**Records for this exercise**
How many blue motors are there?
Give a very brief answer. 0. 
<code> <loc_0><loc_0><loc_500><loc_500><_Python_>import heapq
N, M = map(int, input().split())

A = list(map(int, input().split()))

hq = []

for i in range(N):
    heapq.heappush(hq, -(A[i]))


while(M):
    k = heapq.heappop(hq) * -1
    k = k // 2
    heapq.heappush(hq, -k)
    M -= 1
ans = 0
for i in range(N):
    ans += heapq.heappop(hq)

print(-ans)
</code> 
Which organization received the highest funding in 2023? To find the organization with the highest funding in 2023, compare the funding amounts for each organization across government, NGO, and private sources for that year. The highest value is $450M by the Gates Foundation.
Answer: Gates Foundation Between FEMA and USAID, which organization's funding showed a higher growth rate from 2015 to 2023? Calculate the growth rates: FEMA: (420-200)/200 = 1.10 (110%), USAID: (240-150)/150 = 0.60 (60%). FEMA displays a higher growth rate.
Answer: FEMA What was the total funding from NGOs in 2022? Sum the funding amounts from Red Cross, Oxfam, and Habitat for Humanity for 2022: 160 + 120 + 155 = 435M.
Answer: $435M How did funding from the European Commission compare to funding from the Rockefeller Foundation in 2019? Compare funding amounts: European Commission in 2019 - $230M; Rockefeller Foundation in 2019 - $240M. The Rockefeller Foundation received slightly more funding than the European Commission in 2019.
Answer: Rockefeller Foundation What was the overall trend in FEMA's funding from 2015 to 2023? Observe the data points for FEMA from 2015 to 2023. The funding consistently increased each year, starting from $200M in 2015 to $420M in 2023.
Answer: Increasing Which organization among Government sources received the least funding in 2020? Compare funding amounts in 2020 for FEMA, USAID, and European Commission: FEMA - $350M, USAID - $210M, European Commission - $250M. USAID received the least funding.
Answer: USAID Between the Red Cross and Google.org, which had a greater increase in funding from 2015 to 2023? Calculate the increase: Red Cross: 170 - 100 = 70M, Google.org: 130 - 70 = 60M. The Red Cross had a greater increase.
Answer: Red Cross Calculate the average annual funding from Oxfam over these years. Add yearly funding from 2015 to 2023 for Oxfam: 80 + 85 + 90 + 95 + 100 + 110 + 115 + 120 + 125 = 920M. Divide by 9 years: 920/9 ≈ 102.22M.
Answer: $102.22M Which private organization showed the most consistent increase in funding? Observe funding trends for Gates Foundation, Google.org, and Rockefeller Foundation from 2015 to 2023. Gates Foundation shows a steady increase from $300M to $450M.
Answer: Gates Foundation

**Problem statement**
The whole listing above needs to be written out exactly.

**Final answer**
How many blue motors are there?
Give a very brief answer. 0. 
<code> <loc_0><loc_0><loc_500><loc_500><_Python_>import heapq
N, M = map(int, input().split())

A = list(map(int, input().split()))

hq = []

for i in range(N):
    heapq.heappush(hq, -(A[i]))


while(M):
    k = heapq.heappop(hq) * -1
    k = k // 2
    heapq.heappush(hq, -k)
    M -= 1
ans = 0
for i in range(N):
    ans += heapq.heappop(hq)

print(-ans)
</code> 
Which organization received the highest funding in 2023? To find the organization with the highest funding in 2023, compare the funding amounts for each organization across government, NGO, and private sources for that year. The highest value is $450M by the Gates Foundation.
Answer: Gates Foundation Between FEMA and USAID, which organization's funding showed a higher growth rate from 2015 to 2023? Calculate the growth rates: FEMA: (420-200)/200 = 1.10 (110%), USAID: (240-150)/150 = 0.60 (60%). FEMA displays a higher growth rate.
Answer: FEMA What was the total funding from NGOs in 2022? Sum the funding amounts from Red Cross, Oxfam, and Habitat for Humanity for 2022: 160 + 120 + 155 = 435M.
Answer: $435M How did funding from the European Commission compare to funding from the Rockefeller Foundation in 2019? Compare funding amounts: European Commission in 2019 - $230M; Rockefeller Foundation in 2019 - $240M. The Rockefeller Foundation received slightly more funding than the European Commission in 2019.
Answer: Rockefeller Foundation What was the overall trend in FEMA's funding from 2015 to 2023? Observe the data points for FEMA from 2015 to 2023. The funding consistently increased each year, starting from $200M in 2015 to $420M in 2023.
Answer: Increasing Which organization among Government sources received the least funding in 2020? Compare funding amounts in 2020 for FEMA, USAID, and European Commission: FEMA - $350M, USAID - $210M, European Commission - $250M. USAID received the least funding.
Answer: USAID Between the Red Cross and Google.org, which had a greater increase in funding from 2015 to 2023? Calculate the increase: Red Cross: 170 - 100 = 70M, Google.org: 130 - 70 = 60M. The Red Cross had a greater increase.
Answer: Red Cross Calculate the average annual funding from Oxfam over these years. Add yearly funding from 2015 to 2023 for Oxfam: 80 + 85 + 90 + 95 + 100 + 110 + 115 + 120 + 125 = 920M. Divide by 9 years: 920/9 ≈ 102.22M.
Answer: $102.22M Which private organization showed the most consistent increase in funding? Observe funding trends for Gates Foundation, Google.org, and Rockefeller Foundation from 2015 to 2023. Gates Foundation shows a steady increase from $300M to $450M.
Answer: Gates Foundation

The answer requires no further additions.